Piosenka zamorska
W jednym z mniej znanych afrykańskich narzeczy
Powstało moje dzieło.
Nawet Boska komedia, i ta tylko śmieszy,
Jeżeli plemię zniknęło.
W cywilizację porwany na lądach plamistych,
Między łuski morskiego smoka,
Siebie też oglądałem jak chmury i wyspy,
Z daleka, tudzież z wysoka.
Spełnia się co ma spełnić, choć i niezupełnie.

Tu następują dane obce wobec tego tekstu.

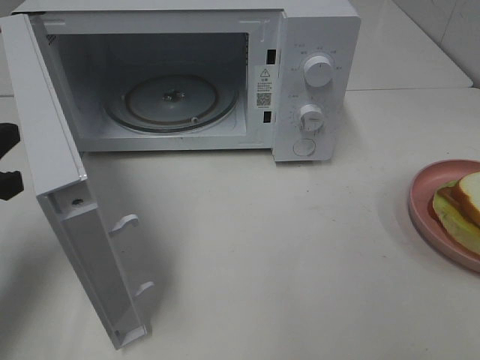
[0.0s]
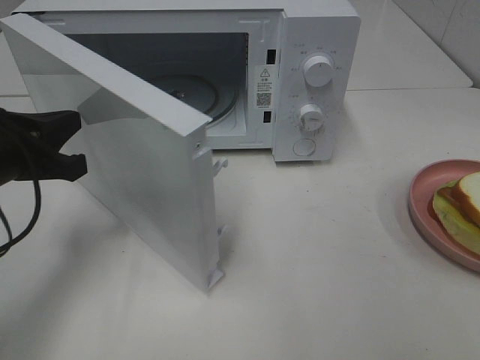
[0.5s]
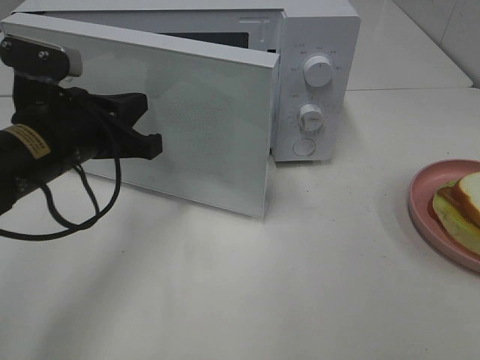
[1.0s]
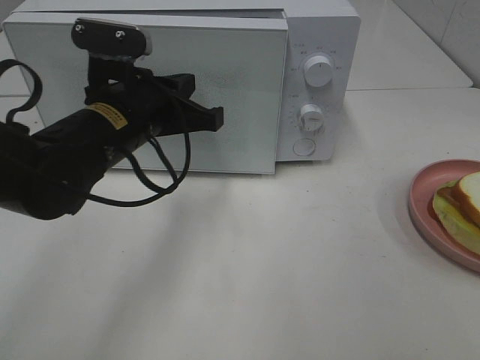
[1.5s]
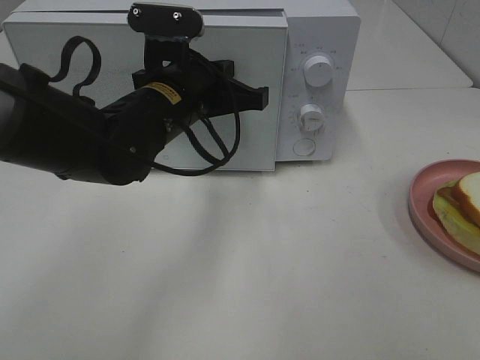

Innych może chciał zasług ten uczeń wileński.
Kto mało zyskał, temu się odejmie.
Nieważny będzie triumf i niegłośne klęski.
Lepsi ode mnie dobyć próbowali głosu.
Ich imię trawy oplotły
Sam zostałem filtrując porządek z chaosu
Bo umysł miałem przewrotny.
Nade mną co dzień orły późnego cesarstwa.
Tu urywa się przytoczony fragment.